= Work order =
The answer must be a single number: how many lines in the entries hold the string "enclosed".

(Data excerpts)
§

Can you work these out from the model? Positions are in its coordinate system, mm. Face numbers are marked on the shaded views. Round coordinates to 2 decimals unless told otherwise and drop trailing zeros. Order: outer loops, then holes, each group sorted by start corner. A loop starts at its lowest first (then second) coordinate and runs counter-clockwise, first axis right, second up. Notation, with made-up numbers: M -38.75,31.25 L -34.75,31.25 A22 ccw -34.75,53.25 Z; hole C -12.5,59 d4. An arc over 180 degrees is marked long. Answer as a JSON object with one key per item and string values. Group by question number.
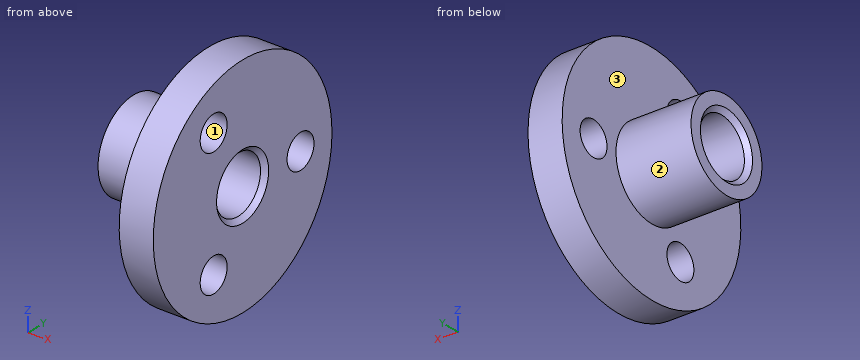
```python
from build123d import *

# Parameters (mm, degrees)
SKETCH_1_R               = 9.95
SKETCH_1_R_2             = 1.5
EXTRUDE_1_DEPTH          = 3
SKETCH_2_R               = 3.95
EXTRUDE_2_DEPTH          = 6.6
CUT_EXTRUDE_1_DEPTH      = 18.034230244
CUT_EXTRUDE_1_DEPTH_BACK = 18.034230244
SKETCH_3_R               = 2.5
CHAMFER_1_SIZE           = 0.4


with BuildPart() as part:
    # Эскиз1 → Бобышка-Вытянуть1 (new body)
    with BuildSketch(Plane(origin=(0, 0, 0), x_dir=(0, 0, -1), z_dir=(1, 0, 0))):
        Circle(SKETCH_1_R)
        with Locations((0, 6.45)):
            Circle(SKETCH_1_R_2, mode=Mode.SUBTRACT)
        with Locations((5.585863854, -3.225)):
            Circle(SKETCH_1_R_2, mode=Mode.SUBTRACT)
        with Locations((-5.585863854, -3.225)):
            Circle(SKETCH_1_R_2, mode=Mode.SUBTRACT)
    extrude(amount=EXTRUDE_1_DEPTH)

    # Эскиз2 → Бобышка-Вытянуть2 (add)
    with BuildSketch(Plane.ZY):
        with Locations(Location((0, 0, 0), (0, 0, 180))):
            Circle(SKETCH_2_R)
    extrude(amount=EXTRUDE_2_DEPTH)

    # Эскиз3 → Вырез-Вытянуть1 (cut, two sides: drawn at the far end of the back side and taken through both)
    with BuildSketch(Plane.ZY.offset(6.6).offset(-CUT_EXTRUDE_1_DEPTH_BACK)):
        Circle(SKETCH_3_R)
    extrude(amount=CUT_EXTRUDE_1_DEPTH + CUT_EXTRUDE_1_DEPTH_BACK, mode=Mode.SUBTRACT)

    # Фаска1
    chamfer_1_edges = [part.edges().sort_by_distance(p)[0] for p in [
        (-6.6, 0, -2.5),
        (3, 0, -2.5),
    ]]
    chamfer(chamfer_1_edges, length=CHAMFER_1_SIZE)


solid = part.part
```
1) For pin 1 (4 mm diameter, centred on y = -3.22, z = -5.59, fed in from +X); pin 2 (3 mm diameter, centred on x = -3.5, z = -1.5, fed in from -Y), each with a flat end and sliding along its axis, tell me the tip position at first contact or that it passes through.
2) If we section it at C-C on z = -4.5: Write out the boundary of the cut face in (x, y), plus the area to 3 significant figures.
3) If we section it at D-D on x = 0.75: Write out the boundary of the cut face in (y, z) (3 decimals), plus the area to 3 significant figures.
4) We'd pull the mould along Y, two halves only. Please class the marked faces 1, 2 and 3: +Y half, -Y half, draft (parallel to the pull), parting line (faces both ways), or undercut.
5) If we section it at A-A on y = 0: Write out the boundary of the cut face in (x, z).
6) If we section it at B-B on z = 0: Write out the boundary of the cut face in (x, y), plus the area to 3 significant figures.
7) I need wall thicknesses on line 1 along Y through (x, z) = (1.1, 0); line 2 along Y through (x, z) = (-0.5, 0); line 3 along X through (y, z) = (8.25, -2). Which ranges of each line are inside material? Lowest first, please.
Findings:
{
 "1": {"pin 1": "stops at x = 3", "pin 2": "stops at y = -3.95"},
 "2": {"outline": "M 0,-8.87 L 3,-8.87 L 3,-4.26 L 0,-4.26 Z; M 0,-2.19 L 3,-2.19 L 3,8.87 L 0,8.87 Z", "area": "47.0 mm^2"},
 "3": {"outline": "C 0,0 d19.9; hole C -3.225,-5.586 d3; hole C -3.225,5.586 d3; hole C 0,0 d5; hole C 6.45,0 d3", "area": "270 mm^2"},
 "4": {"face 1": "undercut", "face 2": "parting line", "face 3": "draft"},
 "5": {"outline": "M -6.6,-3.95 L 0,-3.95 L 0,-9.95 L 3,-9.95 L 3,-2.9 L 2.6,-2.5 L -6.2,-2.5 L -6.6,-2.9 Z; M -6.6,2.9 L -6.2,2.5 L 2.6,2.5 L 3,2.9 L 3,9.95 L 0,9.95 L 0,3.95 L -6.6,3.95 Z"},
 "6": {"outline": "M -6.6,-3.95 L 0,-3.95 L 0,-9.95 L 3,-9.95 L 3,-2.9 L 2.6,-2.5 L -6.2,-2.5 L -6.6,-2.9 Z; M -6.6,2.9 L -6.2,2.5 L 2.6,2.5 L 3,2.9 L 3,4.95 L 0,4.95 L 0,3.95 L -6.6,3.95 Z; M 0,7.95 L 3,7.95 L 3,9.95 L 0,9.95 Z", "area": "54.5 mm^2"},
 "7": {"line 1": "y = -9.95 to -2.5, 2.5 to 4.95, 7.95 to 9.95", "line 2": "y = -3.95 to -2.5, 2.5 to 3.95", "line 3": "x = 0 to 3"}
}
from build123d import *

# Parameters (mm, degrees)
SKETCH_1_W          = 16.3
SKETCH_1_H          = 44.96
EXTRUDE_1_DEPTH     = 2.27
SKETCH_2_W          = 13.16
SKETCH_2_H          = 39.68
CUT_EXTRUDE_1_DEPTH = 0.01
SKETCH_3_W          = 9
SKETCH_3_H          = 0.5
EXTRUDE_2_DEPTH     = 0.2
EXTRUDE_3_DEPTH     = 9
SKETCH_5_W          = 12.4
SKETCH_5_H          = 5.1
EXTRUDE_4_DEPTH     = 0.2
SKETCH_6_W          = 0.35
SKETCH_6_H          = 2
CUT_EXTRUDE_2_DEPTH = 0.05
FILLET_2_R          = 0.5


with BuildPart() as part:
    # 草图1 → 凸台-拉伸1 (new body)
    with BuildSketch(Plane(origin=(0, 0, 0), x_dir=(1, 0, 0), z_dir=(0, 1, 0))):
        Rectangle(SKETCH_1_W, SKETCH_1_H)
    extrude(amount=EXTRUDE_1_DEPTH)

    # 草图2 → 切除-拉伸1 (cut)
    with BuildSketch(Plane(origin=(0, 2.27, 0), x_dir=(1, 0, 0), z_dir=(0, 1, 0))):
        Rectangle(SKETCH_2_W, SKETCH_2_H)
    extrude(amount=-CUT_EXTRUDE_1_DEPTH, mode=Mode.SUBTRACT)

    # 草图3 → 凸台-拉伸2 (add)
    with BuildSketch(Plane(origin=(0, 1.27, 0), x_dir=(1, 0, 0), z_dir=(0, 1, 0))):
        with Locations((-0.25, -22.73)):
            Rectangle(SKETCH_3_W, SKETCH_3_H)
    extrude(amount=EXTRUDE_2_DEPTH)

    # 草图4 → 凸台-拉伸3 (add)
    with BuildSketch(Plane(origin=(4.25, 0, 0), x_dir=(0, 0, -1), z_dir=(1, 0, 0))):
        with BuildLine():
            Line((-22.73, 1.47), (-22.98, 1.47))
            ThreePointArc((-22.98, 1.47), (-24.615, -0.165), (-22.98, -1.8))
            Line((-22.98, -1.8), (-10.48, -1.8))
            Line((-10.48, -1.8), (-10.48, -1.6))
            Line((-10.48, -1.6), (-22.98, -1.6))
            ThreePointArc((-22.98, -1.6), (-24.415, -0.165), (-22.98, 1.27))
            Line((-22.98, 1.27), (-22.73, 1.27))
            Line((-22.73, 1.27), (-22.73, 1.47))
        make_face()
    extrude(amount=-EXTRUDE_3_DEPTH)

    # 草图5 → 凸台-拉伸4 (add)
    with BuildSketch(Plane.XZ.offset(1.8)):
        with Locations((-0.25, 13.03)):
            Rectangle(SKETCH_5_W, SKETCH_5_H)
    extrude(amount=-EXTRUDE_4_DEPTH)

    # 草图6 → 切除-拉伸2 (cut)
    with BuildSketch(Plane.XZ.offset(1.8)):
        with Locations((-4.45, 11.48)):
            Rectangle(SKETCH_6_W, SKETCH_6_H)
        with Locations((-3.75, 11.48)):
            Rectangle(SKETCH_6_W, SKETCH_6_H)
        with Locations((-3.05, 11.48)):
            Rectangle(SKETCH_6_W, SKETCH_6_H)
        with Locations((-2.35, 11.48)):
            Rectangle(SKETCH_6_W, SKETCH_6_H)
        with Locations((-1.65, 11.48)):
            Rectangle(SKETCH_6_W, SKETCH_6_H)
        with Locations((-0.95, 11.48)):
            Rectangle(SKETCH_6_W, SKETCH_6_H)
        with Locations((-0.25, 11.48)):
            Rectangle(SKETCH_6_W, SKETCH_6_H)
        with Locations((0.45, 11.48)):
            Rectangle(SKETCH_6_W, SKETCH_6_H)
        with Locations((1.15, 11.48)):
            Rectangle(SKETCH_6_W, SKETCH_6_H)
        with Locations((1.85, 11.48)):
            Rectangle(SKETCH_6_W, SKETCH_6_H)
        with Locations((2.55, 11.48)):
            Rectangle(SKETCH_6_W, SKETCH_6_H)
        with Locations((3.25, 11.48)):
            Rectangle(SKETCH_6_W, SKETCH_6_H)
        with Locations((3.95, 11.48)):
            Rectangle(SKETCH_6_W, SKETCH_6_H)
    extrude(amount=-CUT_EXTRUDE_2_DEPTH, mode=Mode.SUBTRACT)

    # 圆角2
    fillet_2_edges = [part.edges().sort_by_distance(p)[0] for p in [
        (-6.45, -1.7, 15.58),
        (5.95, -1.7, 10.48),
        (-4.75, -1.7, 15.58),
        (4.25, -1.7, 15.58),
        (-6.45, -1.7, 10.48),
        (5.95, -1.7, 15.58),
    ]]
    fillet(fillet_2_edges, radius=FILLET_2_R)


solid = part.part
Build history of the part. All positions in model axes, mm. A direction names the side the tool comes from. Round coordinates to 2 decimals unless told otherwise and drop trailing zeros. Write each loop counter-clockwise with the first axis right and the second up, starting at its lowest first coordinate (ties: lowest second). Pieces come first, ordered by that corner, then holes. Notation, with made-up numbers: M 76,29.5 L 102,29.5 A33 cw 102,57.5 Z; hole C 18.25,84 d7. An arc over 180 degrees is marked long. Use CSV: the item, a comma, the result in double quotes.
1. Two-plate mould, pull along Z, no slides. Class faces 3 (the face through (0, 0, 0)), 4 (the face through (-0.187, -0.197, 24.415)), 5 (the face through (0, 1, -22.48)): +Z half, -Z half, draft (parallel to the pull), parting line (faces both ways), or undercut.
Reply:
face 3,"draft"
face 4,"undercut"
face 5,"-Z half"
2. Flat gauge pins, fed straight in: pin 1 (3 mm diameter, centred on x = -3, z = -14.5, fed in from +Y); pin 2 (3 mm diameter, centred on x = 5, z = -1.5, fed in from -Y). Where does each tip first touch, or does it go through?
Reply:
pin 1,"stops at y = 2.26"
pin 2,"stops at y = 0"
3. Saw through at A-A (y = 0.85). Give the cut face in (x, z), plus the area to 3 significant figures.
Reply:
outline,"M -8.15,-22.48 L 8.15,-22.48 L 8.15,22.48 L -8.15,22.48 Z; M -4.75,23.99 L 4.25,23.99 L 4.25,24.26 L -4.75,24.26 Z"
area,"735 mm²"
4. Wall check: probe 1 along Y at (x, z) = (0.75, 16.5); probe 2 along Y at (x, z) = (3.5, -4.5); probe 3 along Z at (x, y) = (4, -0.15). Give the ranges that are in metal, low to high. Write a range as from..to.
Reply:
probe 1,"y = -1.8..-1.6, 0..2.26"
probe 2,"y = 0..2.26"
probe 3,"z = 24.41..24.61"
5. Tool access for faces 1 (the face through (0, -1.8, 17)), 2 (the face through (0, -1.6, 17)): list every direction of +Z, -Z, +X, -X, +Y, -Y with a clear straight run to the whole face (end or side of a thin tool).
Reply:
face 1,"+Z, -Z, +X, -X, -Y"
face 2,"-Z, +X, -X"
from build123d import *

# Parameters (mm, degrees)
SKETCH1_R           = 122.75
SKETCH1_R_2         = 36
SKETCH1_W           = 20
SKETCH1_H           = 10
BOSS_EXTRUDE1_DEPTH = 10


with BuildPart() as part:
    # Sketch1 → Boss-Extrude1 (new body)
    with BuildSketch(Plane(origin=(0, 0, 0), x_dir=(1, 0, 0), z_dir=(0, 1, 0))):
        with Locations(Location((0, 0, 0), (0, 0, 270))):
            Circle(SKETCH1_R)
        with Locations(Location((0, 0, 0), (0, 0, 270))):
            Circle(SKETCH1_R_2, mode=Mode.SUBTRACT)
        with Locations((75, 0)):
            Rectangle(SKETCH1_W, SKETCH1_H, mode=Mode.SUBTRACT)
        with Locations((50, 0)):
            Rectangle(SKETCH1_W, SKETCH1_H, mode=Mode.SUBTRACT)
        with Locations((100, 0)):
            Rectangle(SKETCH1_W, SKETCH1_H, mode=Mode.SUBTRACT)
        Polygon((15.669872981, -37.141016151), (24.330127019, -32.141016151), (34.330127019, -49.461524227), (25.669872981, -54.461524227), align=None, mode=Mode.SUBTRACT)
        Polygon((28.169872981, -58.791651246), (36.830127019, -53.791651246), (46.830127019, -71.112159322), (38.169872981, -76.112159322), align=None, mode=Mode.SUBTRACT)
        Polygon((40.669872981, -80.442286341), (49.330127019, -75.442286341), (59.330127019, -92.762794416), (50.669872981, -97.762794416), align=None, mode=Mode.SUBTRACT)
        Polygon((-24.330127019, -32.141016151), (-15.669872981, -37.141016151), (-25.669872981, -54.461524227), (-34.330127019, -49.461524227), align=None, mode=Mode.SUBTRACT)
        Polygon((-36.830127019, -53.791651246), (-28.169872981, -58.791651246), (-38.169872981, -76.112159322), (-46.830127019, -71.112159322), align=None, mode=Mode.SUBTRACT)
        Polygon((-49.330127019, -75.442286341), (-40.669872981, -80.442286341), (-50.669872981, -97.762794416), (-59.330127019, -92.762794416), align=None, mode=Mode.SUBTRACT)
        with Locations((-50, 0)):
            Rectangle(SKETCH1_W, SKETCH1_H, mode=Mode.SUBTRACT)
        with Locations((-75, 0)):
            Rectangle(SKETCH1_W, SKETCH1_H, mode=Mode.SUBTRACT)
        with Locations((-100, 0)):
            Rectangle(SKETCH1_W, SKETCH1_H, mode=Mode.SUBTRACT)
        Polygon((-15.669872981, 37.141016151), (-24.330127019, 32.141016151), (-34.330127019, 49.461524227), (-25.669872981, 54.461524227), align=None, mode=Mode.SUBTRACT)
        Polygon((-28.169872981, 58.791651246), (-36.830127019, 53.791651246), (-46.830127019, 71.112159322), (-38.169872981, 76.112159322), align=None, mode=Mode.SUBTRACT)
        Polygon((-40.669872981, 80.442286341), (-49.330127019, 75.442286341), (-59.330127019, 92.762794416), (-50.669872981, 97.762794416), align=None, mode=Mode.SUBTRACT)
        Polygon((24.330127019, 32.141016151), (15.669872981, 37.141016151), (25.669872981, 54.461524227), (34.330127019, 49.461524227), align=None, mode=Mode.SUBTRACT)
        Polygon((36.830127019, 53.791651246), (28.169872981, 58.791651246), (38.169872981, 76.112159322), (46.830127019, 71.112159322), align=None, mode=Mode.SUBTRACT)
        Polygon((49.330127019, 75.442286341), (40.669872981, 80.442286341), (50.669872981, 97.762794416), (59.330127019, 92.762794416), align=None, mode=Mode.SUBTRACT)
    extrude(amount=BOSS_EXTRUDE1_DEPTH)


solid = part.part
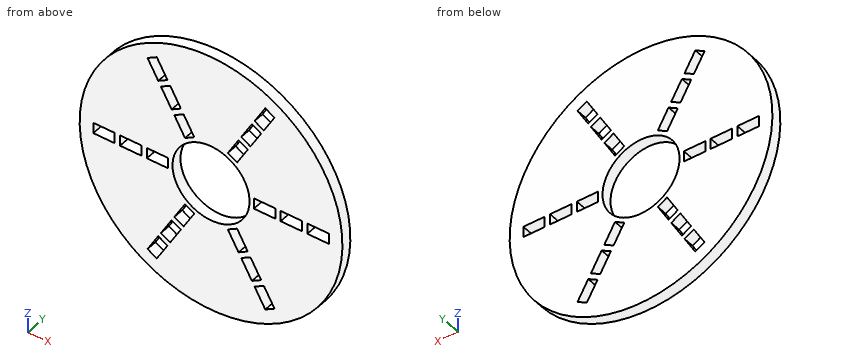
Read the model definition and answer for the solid it produces. Units are mm, in the model's axes. Give positions to 0.01 mm unless a question says otherwise; leave off trailing zeros. Write each loop counter-clockwise with the first axis right and the second up, starting at its lowest first coordinate (ties: lowest second). Pieces come first, ordered by that corner, then holes. Notation, with made-up numbers: (83, -9.5) - (97, -9.5) arc R32 ccw to (97, 29.5) - close; hole circle Ø9 at (-15.5, -2.5). An arc over 180 degrees is marked (long way). Use CSV: the item, a comma, the result in double quotes. Start each with the question number.
Item 1: Flat-ended cylindrical pins translate along their axes: P1, Ø3, axis at x = 72.5, y = 7.5, coming from the -Z side; P2, Ø3, axis at x = 78, y = 4.5, coming from the +Z side; P3, Ø1.5, axis at y = 4, z = -17.5, coming from the +X side. Find the tip coordinate at first contact, or state that the pin passes through.
Item 2: The part is cut by section A-A, the plane x = 0. Give the vertices of the cut face in (y, z), and give its area (4 significant figures).
Item 3: Consider line 1 (X direction, y = 8, z = 71.5); line 2 (Z direction, x = -18.5, y = 8); line 3 (X direction, y = 2.25, z = 83.5). Determine where each line is inside the solid, lowest interval first.
Item 4: The part is cut by section D-D, the plane x = 95. Give the vertices of the cut face in (y, z).
Item 5: The part is cut by section B-B, the plane z = 0. Count the separate pieces of the cut face and the enclosed holes in it, and give its area (3 significant figures).
Taken from the geometry:
1,P1,"z = -100.13"
1,P2,"z = 96"
1,P3,"x = 121.6"
2,outline,"(0, -122.75) - (10, -122.75) - (10, -36) - (0, -36) - close; (0, 36) - (10, 36) - (10, 122.75) - (0, 122.75) - close"
2,area,"1,735 mm2"
3,line 1,"-99.78 to -46.16, -35.51 to 35.51, 46.16 to 99.78"
3,line 2,"-121.35 to -42.04, -35.51 to -30.88, 30.88 to 35.51, 42.04 to 121.35"
3,line 3,"-89.97 to -53.98, -42.44 to 42.44, 53.98 to 89.97"
4,outline,"(0, -77.73) - (10, -77.73) - (10, -5) - (0, -5) - close; (0, 5) - (10, 5) - (10, 77.73) - (0, 77.73) - close"
5,separate pieces,"8"
5,enclosed holes,"0"
5,area,"535 mm2"
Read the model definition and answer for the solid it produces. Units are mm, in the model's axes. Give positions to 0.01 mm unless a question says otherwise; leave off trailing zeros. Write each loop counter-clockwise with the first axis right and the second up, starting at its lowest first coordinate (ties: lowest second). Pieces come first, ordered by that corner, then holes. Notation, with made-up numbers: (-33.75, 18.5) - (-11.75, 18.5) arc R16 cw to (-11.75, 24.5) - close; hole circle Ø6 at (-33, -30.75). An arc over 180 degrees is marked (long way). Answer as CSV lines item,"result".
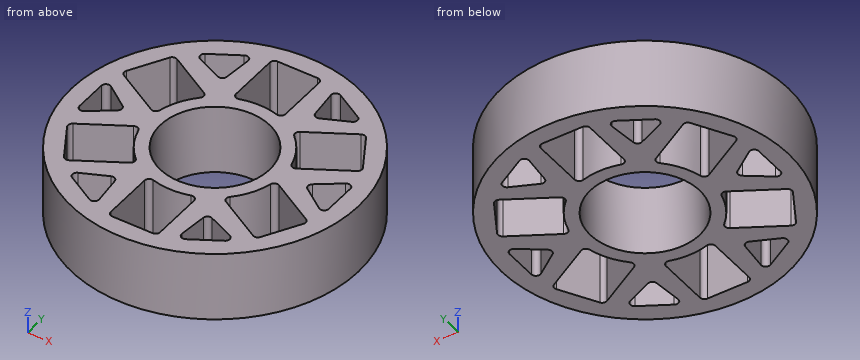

§

= Solution for this problem =
2